Text-to-Speech

Caskada does NOT provide built-in utilities

Instead, we offer examples that you can implement yourself. This approach gives you more flexibility and control over your project's dependencies and functionality.

Service

Free Tier

Pricing Model

Docs

Amazon Polly

5M std + 1M neural

~$4 /M (std), ~$16 /M (neural) after free tier

Polly Docs

Google Cloud TTS

4M std + 1M WaveNet

~$4 /M (std), ~$16 /M (WaveNet) pay-as-you-go

Cloud TTS Docs

Azure TTS

500K neural ongoing

~$15 /M (neural), discount at higher volumes

Azure TTS Docs

IBM Watson TTS

10K chars Lite plan

~$0.02 /1K (i.e. ~$20 /M). Enterprise options available

IBM Watson Docs

ElevenLabs

10K chars monthly

From ~$5/mo (30K chars) up to $330/mo (2M chars). Enterprise

ElevenLabs Docs

Example Code

1. Amazon Polly

# Requires: pip install boto3
import boto3
import os

def synthesize_polly(text: str, output_filename: str = "polly_output.mp3", region: str | None = None):
    """Synthesizes speech using AWS Polly."""
    # Assumes AWS credentials are configured (e.g., via env vars, ~/.aws/credentials)
    aws_region = region or os.environ.get("AWS_REGION", "us-east-1")
    try:
        polly = boto3.client("polly", region_name=aws_region)
        response = polly.synthesize_speech(
            Text=text,
            OutputFormat="mp3",
            VoiceId="Joanna" # Example voice
        )

        # Check if AudioStream is present
        if "AudioStream" in response:
            with open(output_filename, "wb") as f:
                f.write(response["AudioStream"].read())
            print(f"Audio saved to {output_filename}")
        else:
            print("Error: Could not stream audio from Polly.")
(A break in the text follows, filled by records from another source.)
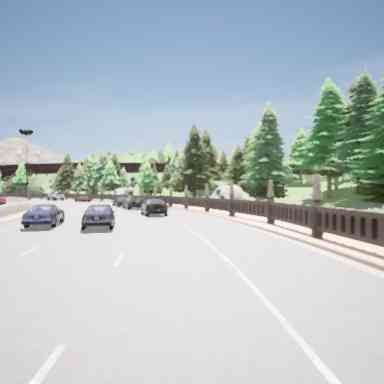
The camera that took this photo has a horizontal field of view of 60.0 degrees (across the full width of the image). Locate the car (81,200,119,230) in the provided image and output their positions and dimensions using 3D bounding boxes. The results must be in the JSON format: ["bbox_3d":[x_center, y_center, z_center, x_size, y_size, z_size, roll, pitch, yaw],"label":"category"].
[{"bbox_3d":[-5.773,1.478,20.724,2.033,1.411,5.357,0,0,-12],"label":"car"}]

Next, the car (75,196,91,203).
[{"bbox_3d":[-20.954,1.374,63.727,1.994,1.385,4.181,0,0,-39],"label":"car"}]

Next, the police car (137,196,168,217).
[{"bbox_3d":[-3.524,1.306,30.403,1.930,1.638,5.238,0,0,-17],"label":"police car"}]

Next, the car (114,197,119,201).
[{"bbox_3d":[-9.793,1.360,46.662,1.812,1.442,4.674,0,0,-26],"label":"car"}]

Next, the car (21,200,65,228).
[{"bbox_3d":[-9.529,1.488,21.608,2.033,1.411,5.357,0,0,-13],"label":"car"}]

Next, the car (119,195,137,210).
[{"bbox_3d":[-7.117,1.201,40.616,2.097,1.767,4.553,0,0,-22],"label":"car"}]

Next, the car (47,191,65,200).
[{"bbox_3d":[-30.806,0.897,75.240,2.150,2.045,5.566,0,0,-44],"label":"car"}]
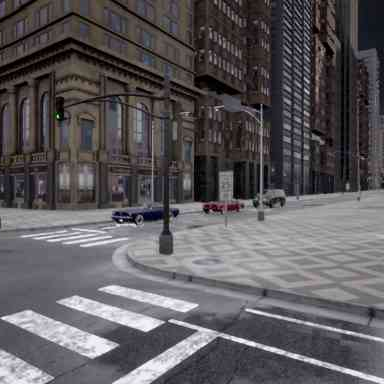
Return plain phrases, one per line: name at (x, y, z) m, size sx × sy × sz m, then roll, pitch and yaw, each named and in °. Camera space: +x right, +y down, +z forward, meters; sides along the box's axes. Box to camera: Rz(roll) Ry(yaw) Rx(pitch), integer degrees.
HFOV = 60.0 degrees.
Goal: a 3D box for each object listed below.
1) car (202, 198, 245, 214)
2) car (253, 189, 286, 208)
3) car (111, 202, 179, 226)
car at (2.859, 1.218, 29.740) m, size 1.895 × 1.301 × 4.718 m, roll 0°, pitch 1°, yaw 35°
car at (8.998, 0.697, 38.346) m, size 2.150 × 2.045 × 5.566 m, roll 0°, pitch 1°, yaw 36°
car at (-2.943, 1.351, 21.606) m, size 1.895 × 1.301 × 4.718 m, roll 0°, pitch 1°, yaw 36°

    except Exception as e:
        print(f"Error calling AWS Polly: {e}")

# Example:
# synthesize_polly("Hello from AWS Polly!")
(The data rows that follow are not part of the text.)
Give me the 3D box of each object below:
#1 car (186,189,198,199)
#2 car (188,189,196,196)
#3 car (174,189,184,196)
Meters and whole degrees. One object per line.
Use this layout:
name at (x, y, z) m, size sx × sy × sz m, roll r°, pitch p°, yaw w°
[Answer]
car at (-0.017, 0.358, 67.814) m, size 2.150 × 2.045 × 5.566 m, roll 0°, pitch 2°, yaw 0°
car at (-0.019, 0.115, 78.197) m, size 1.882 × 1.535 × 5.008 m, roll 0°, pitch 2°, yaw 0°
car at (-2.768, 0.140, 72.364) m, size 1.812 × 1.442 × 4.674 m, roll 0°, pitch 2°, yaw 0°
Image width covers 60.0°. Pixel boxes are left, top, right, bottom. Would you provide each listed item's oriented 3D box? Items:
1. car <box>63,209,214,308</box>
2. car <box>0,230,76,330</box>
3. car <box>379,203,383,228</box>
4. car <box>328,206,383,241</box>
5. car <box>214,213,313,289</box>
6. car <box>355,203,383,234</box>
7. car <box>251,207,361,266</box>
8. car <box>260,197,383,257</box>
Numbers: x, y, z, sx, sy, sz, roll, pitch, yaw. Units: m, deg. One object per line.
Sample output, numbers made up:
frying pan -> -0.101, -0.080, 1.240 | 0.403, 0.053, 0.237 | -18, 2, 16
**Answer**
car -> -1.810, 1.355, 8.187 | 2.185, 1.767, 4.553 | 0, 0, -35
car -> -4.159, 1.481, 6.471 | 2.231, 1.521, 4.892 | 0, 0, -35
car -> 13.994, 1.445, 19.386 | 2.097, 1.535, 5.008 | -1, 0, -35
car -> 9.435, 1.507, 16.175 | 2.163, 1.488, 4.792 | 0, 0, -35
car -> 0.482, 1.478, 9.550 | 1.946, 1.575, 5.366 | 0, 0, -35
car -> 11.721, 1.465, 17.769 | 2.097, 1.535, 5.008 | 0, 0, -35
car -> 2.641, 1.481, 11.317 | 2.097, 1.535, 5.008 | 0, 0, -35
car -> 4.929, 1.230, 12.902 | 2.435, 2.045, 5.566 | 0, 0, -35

// Requires: npm install @aws-sdk/client-polly @aws-sdk/node-http-handler
import * as fs from 'fs'
import { Writable } from 'stream' // Import Writable
import { PollyClient, SynthesizeSpeechCommand } from '@aws-sdk/client-polly'
import { NodeHttpHandler } from '@aws-sdk/node-http-handler' // Required for streaming body

async function synthesizePolly(
  text: string,
  outputFilename: string = 'polly_output.mp3',
  region?: string,
): Promise<void> {
  /** Synthesizes speech using AWS Polly. */
  // Assumes AWS credentials are configured (e.g., via env vars, instance profile)
  const awsRegion = region || process.env.AWS_REGION || 'us-east-1'
  const client = new PollyClient({ region: awsRegion })

  const command = new SynthesizeSpeechCommand({
    Text: text,
    OutputFormat: 'mp3',
    VoiceId: 'Joanna', // Example voice
  })

  try {
    const response = await client.send(command)

    if (response.AudioStream) {
      // Handle the streaming body (Readable)
      const audioStream = response.AudioStream as NodeJS.ReadableStream // Cast for Node.js environment
      const fileStream = fs.createWriteStream(outputFilename)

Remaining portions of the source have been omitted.